Jan 18, 2007

Maybe Grover Norquist Was The Final Straw

The Associated Press reports that President Bush has now grudgingly, but officially, agreed that he will no longer pursue private accounts at Social Security -- or at least he will not pursue private accounts to begin until at least 2011 or 2012. The stated grounds for this decision is the need to produce a plan to balance the budget by 2012.

Grover Norquist has been strongly pressuring President Bush to not include any tax increase in any plan he may have for Social Security. There was probably no hope for a Social Security plan anyway, but eliminating the possibility of a tax increase makes it utterly impossible. Norquist may not be a household name, but he is one of the most important figures in right wing political circles and someone whom a weakened President Bush cannot afford to cross.

Fraud Allegation In Pennsylvania

The Pittsburgh Tribune-Review reports on Angelette Freeze who has been indicted for Social Security fraud for failing to reveal that she was married, a fact that would have affected her right to receive Supplemental Security Income from Social Security.

Grover Norquist Drives Another Nail In the Coffin

From Bloomberg:
Conservative leaders are confident their opposition to higher taxes scuttles any chance that President George W. Bush will make a deal with congressional Democrats to overhaul Social Security.

`Nothing will happen in the next two years'' on Social Security, said Grover Norquist, president of Americans for Tax Reform. After lobbying Bush and Treasury Secretary Henry Paulson, Norquist said the officials made clear to him that ``they don't intend to raise taxes.'' Some Democrats have made Bush's willingness to consider tax increases a precondition for negotiations over Social Security.

House Social Security Subcommittee Members Announced

Hearing Scheduled On Astrue Nomination

The Senate Finance Committee has scheduled a hearing for January 24 on the nomination of Michael Astrue to become the next Commissioner of Social Security. No hearing has been scheduled on the nomination of Andrew Biggs to become Deputy Commissioner at Social Security. The failure to include Biggs' nomination in the January 24 hearing suggests that Biggs will never get a hearing.

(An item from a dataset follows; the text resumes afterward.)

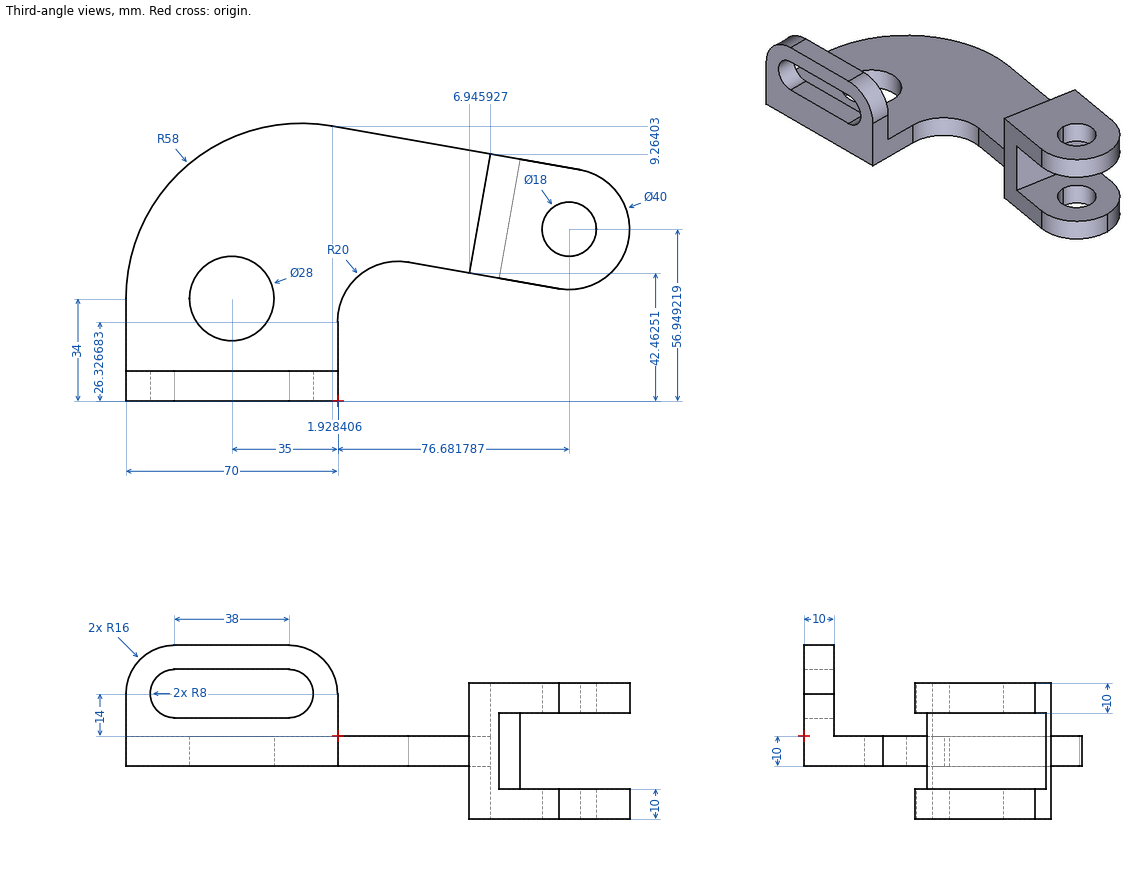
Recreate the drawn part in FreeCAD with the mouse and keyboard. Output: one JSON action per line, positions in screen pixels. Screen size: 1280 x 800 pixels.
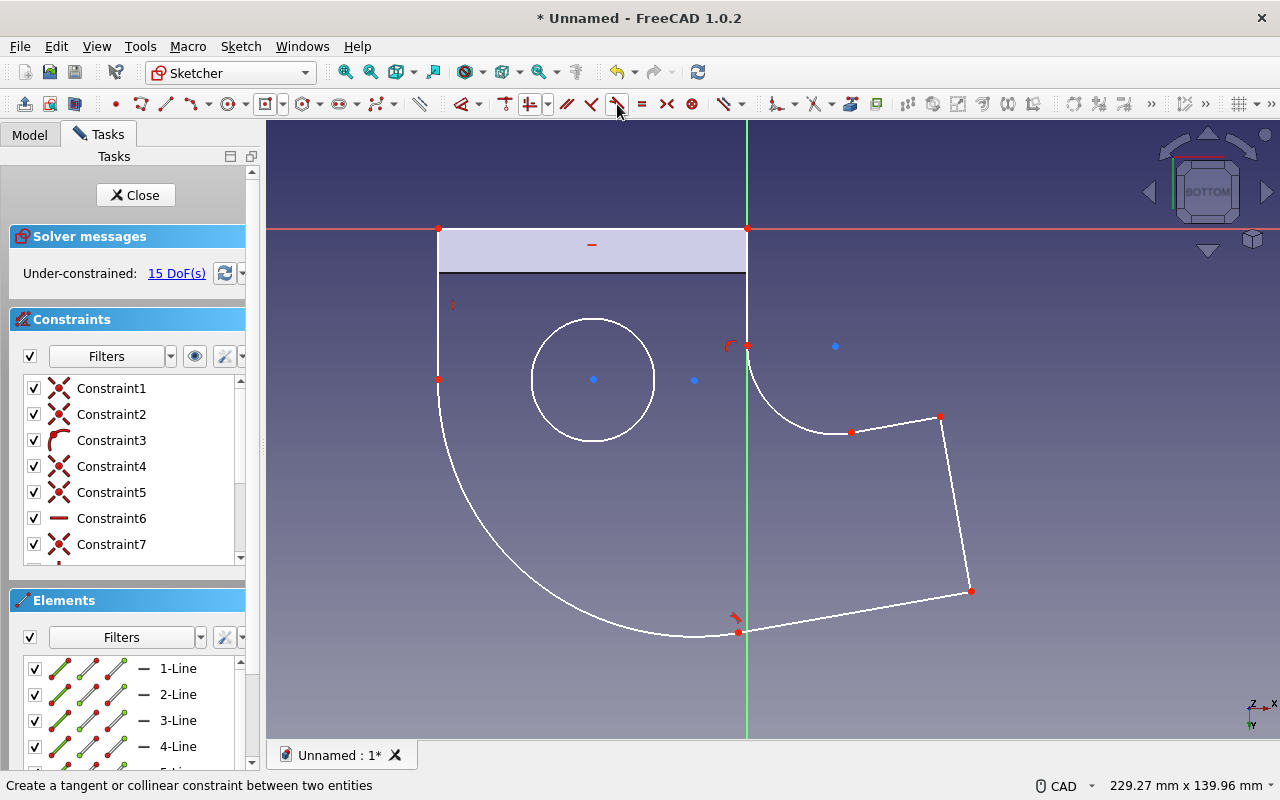
{"action": "left_click", "coordinate": [913, 422]}
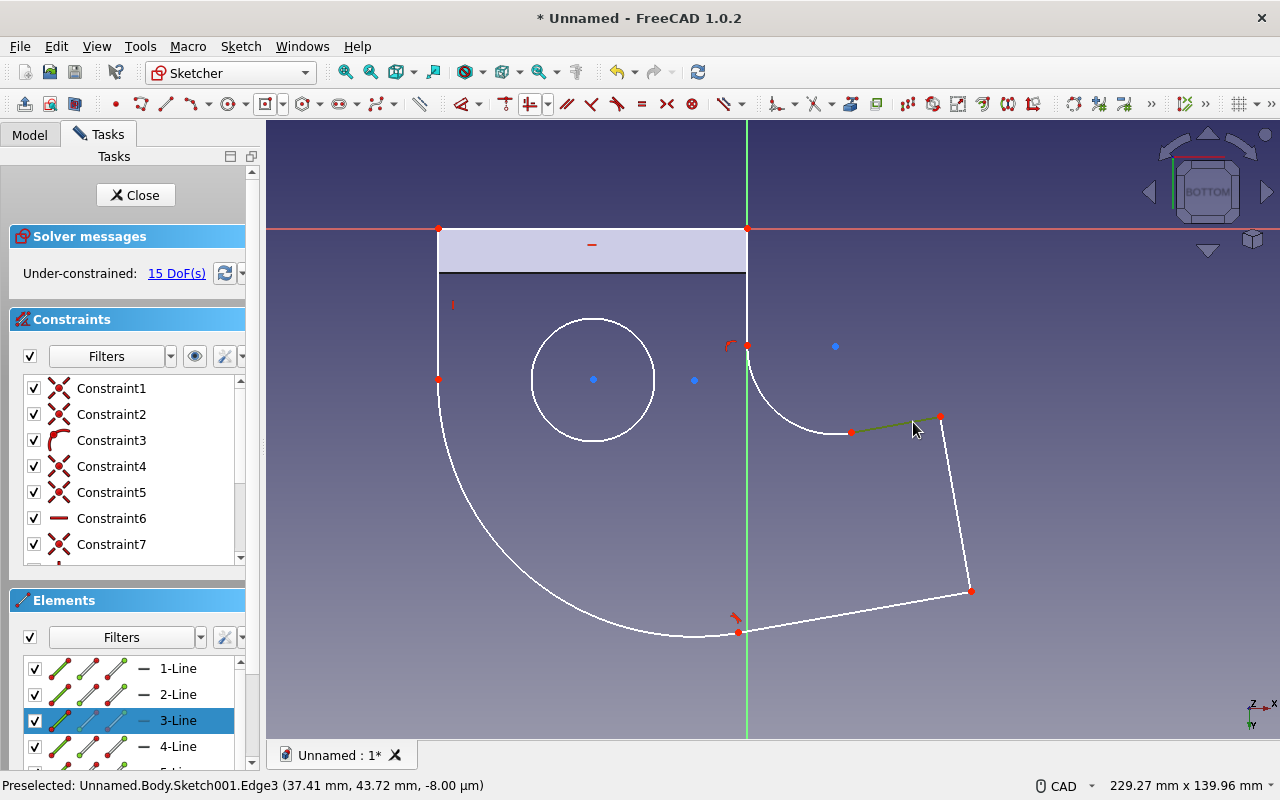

COLA To Three Decimal Places

Social Security has published some of the least exciting rules in its history and that is saying something. Here is the summary from the Federal Register:
We are revising our rules that deal with automatic cost-of-living increases to primary insurance amounts under title II of the Social Security Act (the Act). The revision is necessary because, beginning with the Consumer Price Index (CPI) for January 2007, the Bureau of Labor Statistics will publish the CPI to three decimal places. The CPI is currently published to one decimal place as is now reflected in our regulations. With this revision, our rules will conform to the change in the reporting of the CPI.

Jan 17, 2007

House Appropriations Subcommittee Members

The House Appropriations Committee has named the members of its Labor, Health and Human Services, Education, and Related Agencies Subcommittee, which has jurisdiction over Social Security's appropriations. The list is below. Note the Dave Obey, the chair of this subcommittee, is also chair of the full committee, even though he is listed as only an ex officio member of the subcommittee. The Appropriations Committees may be more important for Social Security at this point than the substantive committees having to do with Social Security.

Chair: Dave Obey (WI)
Nita M. Lowey (NY)
Rosa L. DeLauro (CT)
Jesse L. Jackson, Jr. (IL)
Patrick J. Kennedy (RI)
Lucille Roybal-Allard (CA)
Barbara Lee (CA)
Tom Udall (NM)
Michael Honda (CA)
Betty McCollum (MN)
Tim Ryan (OH)
Dave Obey (WI), Ex Officio

MINORITY

Ranking Member:
James T. Walsh (NY)

Ralph Regula (OH)
John E. Peterson (PA)
Dave Weldon (FL)
Michael K. Simpson (ID)
Dennis R. Rehberg (MT)
Jerry Lewis (CA), Ex Officio

VA Disability Claim Backlogs Mirror SSA Backlogs

It is not just the Social Security Administration that has enormous backlogs of disability claims. Here is an excerpt from a CBS Evening News report:
Veterans returning from Iraq and Afghanistan have already filed 176,000 new disability claims, but have run into a VA backlog of more than 400,000 cases. VA officials say reducing this backlog is their top priority.

"I am not happy with it. I want it to be shorter," says [VA] Secretary Jim Nicholson.

Nicholson says the hurdle is that every claim has to be verified when none of the records are on computers. "They're all paper and some are (very) thick. We are working this; it's a big deal for us. It's a high priority," Nicholson says. [Note that VA is saying that a transition to paperless files is the key, which is exactly what the Commissioner of Social Security has been saying, although there is no evidence to date that the conversion to scanned files is doing anything to reduce the backlog at Social Security.]

But Nicholson insists the VA is not understaffed, an assertion veterans groups call absurd. Lewis sees a mistake-prone agency in need of a wartime upgrade.